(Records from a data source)
======

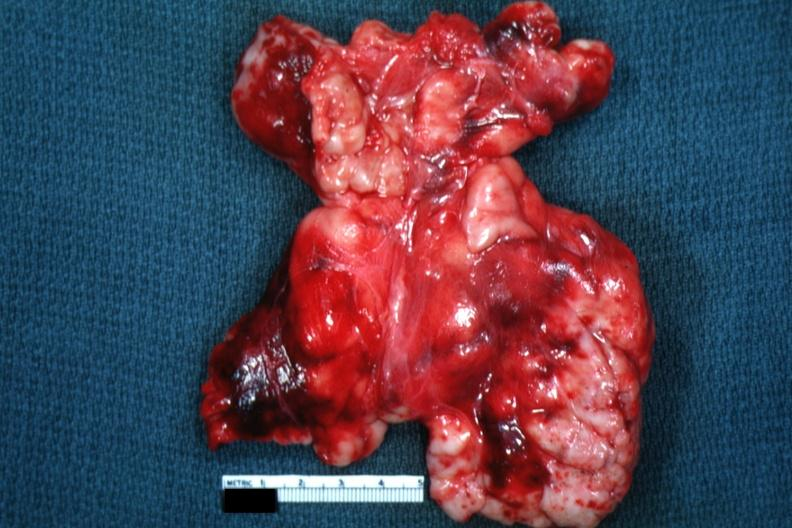s infarcts present?
Answer the question using a single word or phrase. No 
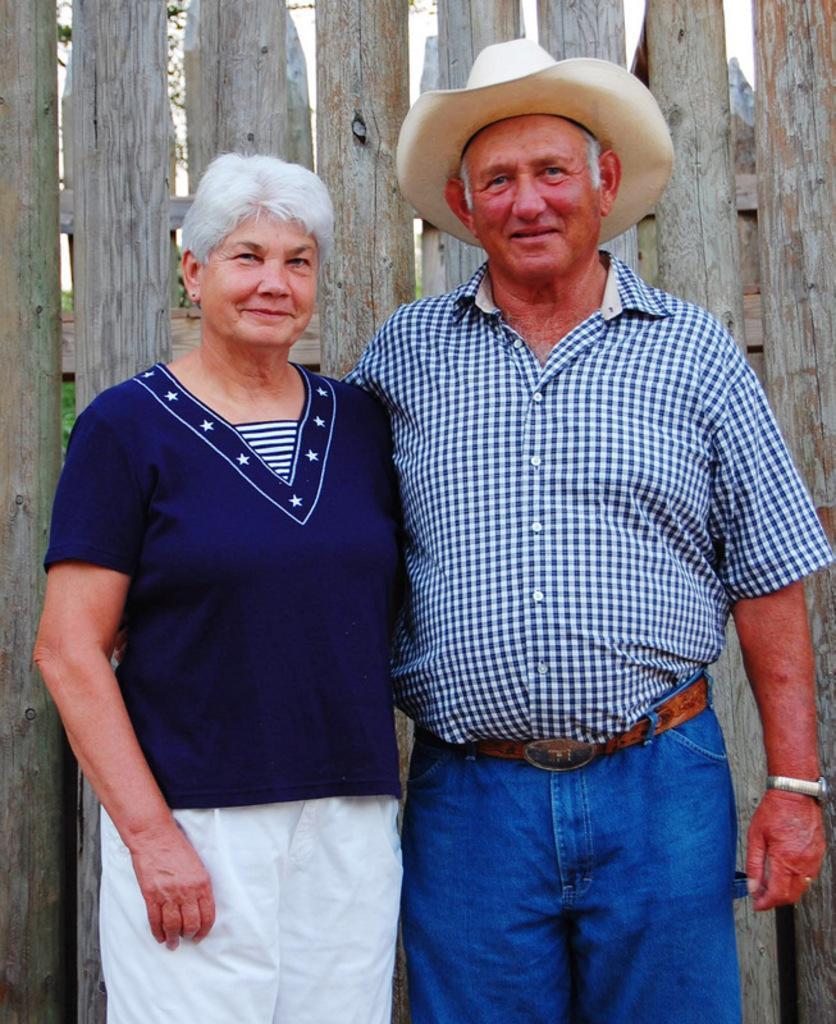In one or two sentences, can you explain what this image depicts? Here in this picture we can see a couple standing on the ground over there and the person on the right side is wearing a hat on him and behind them we can see a wooden railing present and through that we can see some trees over there. 
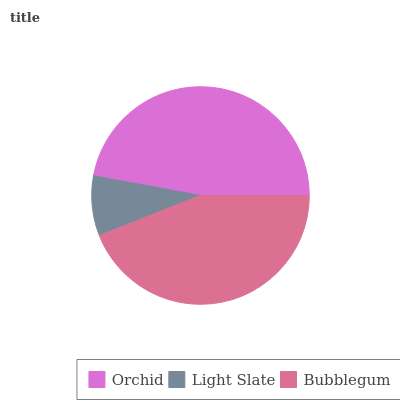Is Light Slate the minimum?
Answer yes or no. Yes. Is Orchid the maximum?
Answer yes or no. Yes. Is Bubblegum the minimum?
Answer yes or no. No. Is Bubblegum the maximum?
Answer yes or no. No. Is Bubblegum greater than Light Slate?
Answer yes or no. Yes. Is Light Slate less than Bubblegum?
Answer yes or no. Yes. Is Light Slate greater than Bubblegum?
Answer yes or no. No. Is Bubblegum less than Light Slate?
Answer yes or no. No. Is Bubblegum the high median?
Answer yes or no. Yes. Is Bubblegum the low median?
Answer yes or no. Yes. Is Light Slate the high median?
Answer yes or no. No. Is Light Slate the low median?
Answer yes or no. No. 
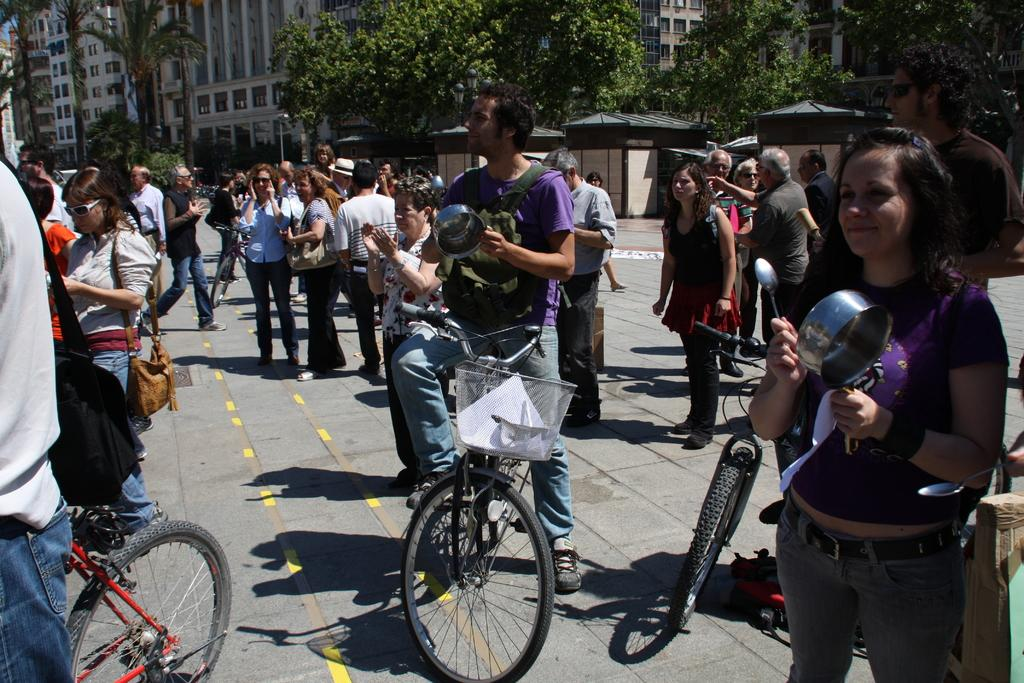What are the people in the image doing? There are people standing on the road and people sitting on bicycles in the image. Can you describe the positions of the people in the image? Some people are standing on the road, while others are sitting on bicycles. What type of suit is the bicycle wearing in the image? There are no bicycles wearing suits in the image, as bicycles are inanimate objects and cannot wear clothing.

======

*Description of the task:*
Of the lines above, output exactly those from the line bearing "Answer yes or no. Yes. Is Orchid the maximum?" through the line bearing "Answer yes or no. No. Is Bubblegum the high", inclusive.

*Exercise answer:*
Answer yes or no. Yes. Is Orchid the maximum?
Answer yes or no. Yes. Is Bubblegum the minimum?
Answer yes or no. No. Is Bubblegum the maximum?
Answer yes or no. No. Is Bubblegum greater than Light Slate?
Answer yes or no. Yes. Is Light Slate less than Bubblegum?
Answer yes or no. Yes. Is Light Slate greater than Bubblegum?
Answer yes or no. No. Is Bubblegum less than Light Slate?
Answer yes or no. No. Is Bubblegum the high median?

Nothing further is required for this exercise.